GIVEN INFORMATION Block Start
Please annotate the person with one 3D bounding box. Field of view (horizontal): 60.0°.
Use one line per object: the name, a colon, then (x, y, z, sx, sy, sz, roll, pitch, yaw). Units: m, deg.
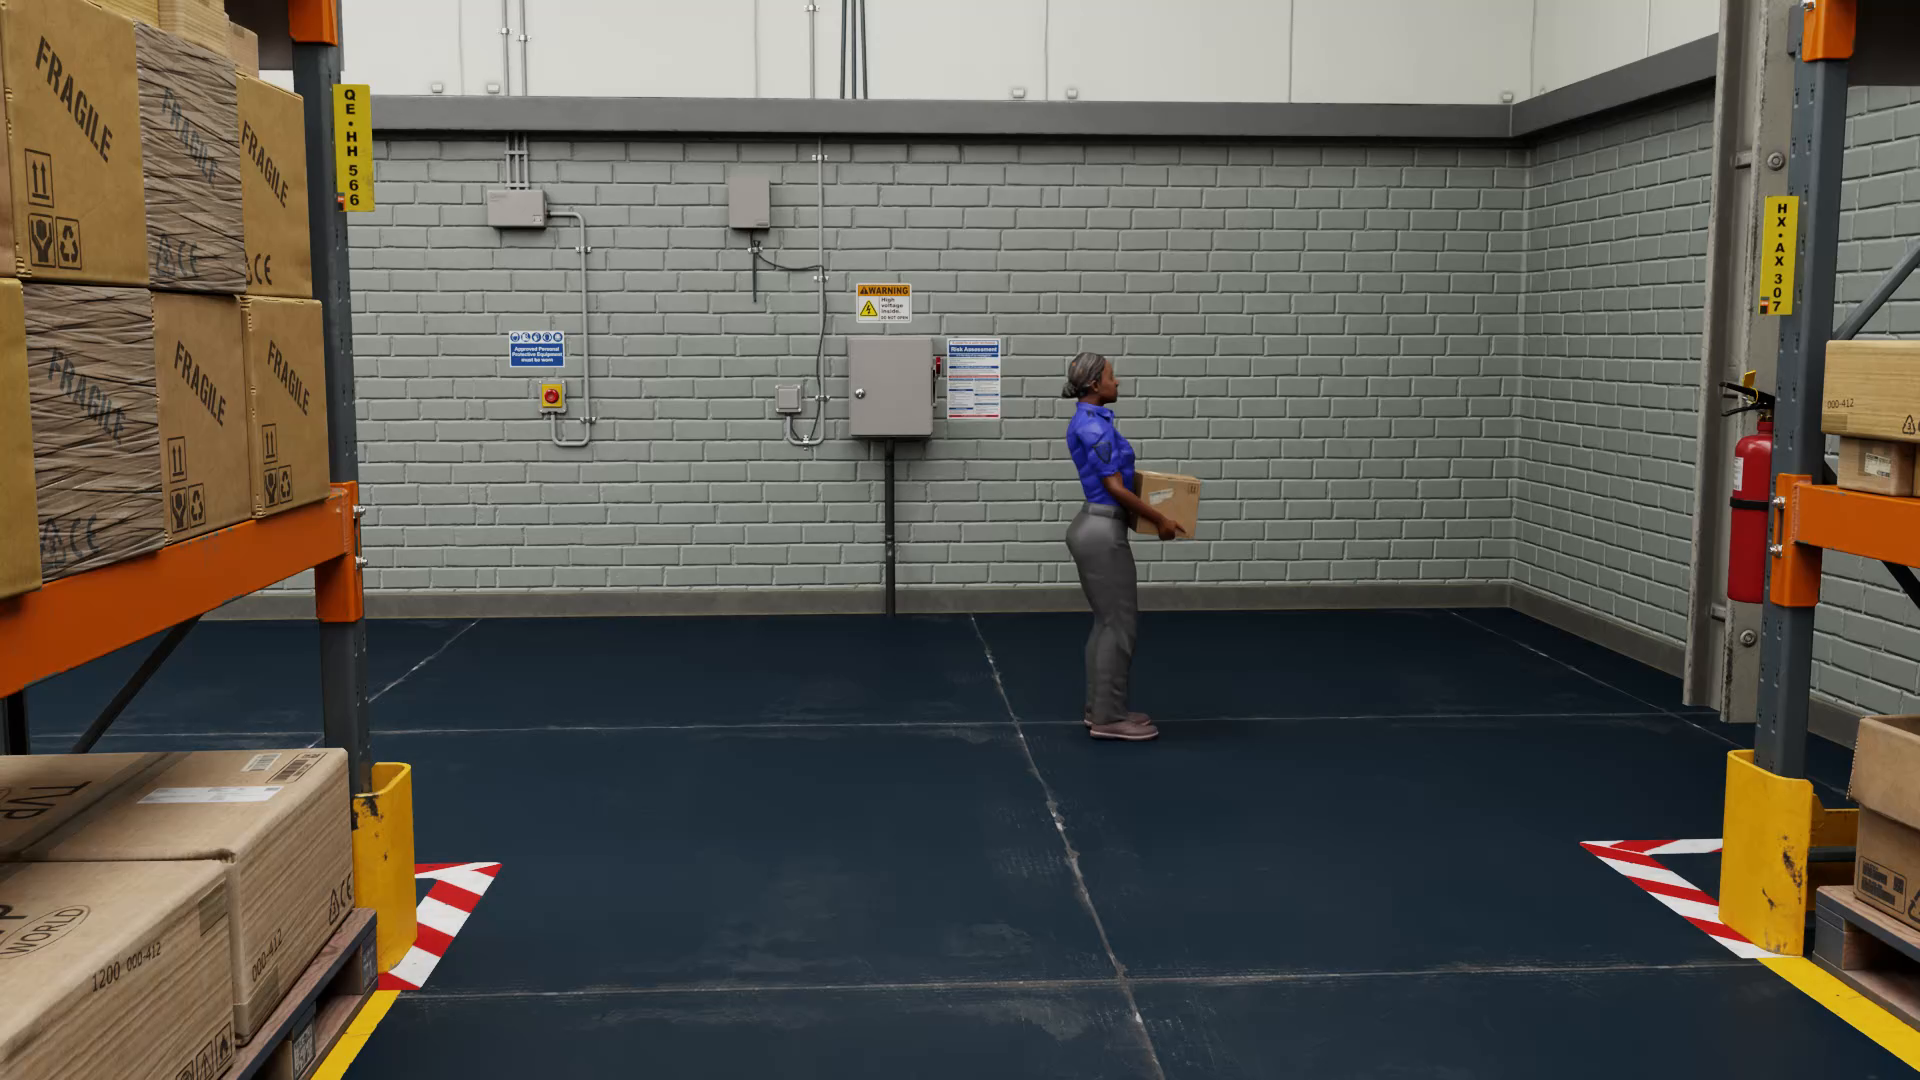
person: (0.689, 0.035, 7.141, 0.518, 1.620, 0.450, 0, 7, -3)
GIVEN INFORMATION Block End
» WORK TO COMPLETE
Skipping the pictures, transcribe each line above exactly as it appears.

» EXERCISE RESPONSE
Please annotate the person with one 3D bounding box. Field of view (horizontal): 60.0°.
Use one line per object: the name, a colon, then (x, y, z, sx, sy, sz, roll, pitch, yaw). Units: m, deg.
person: (0.689, 0.035, 7.141, 0.518, 1.620, 0.450, 0, 7, -3)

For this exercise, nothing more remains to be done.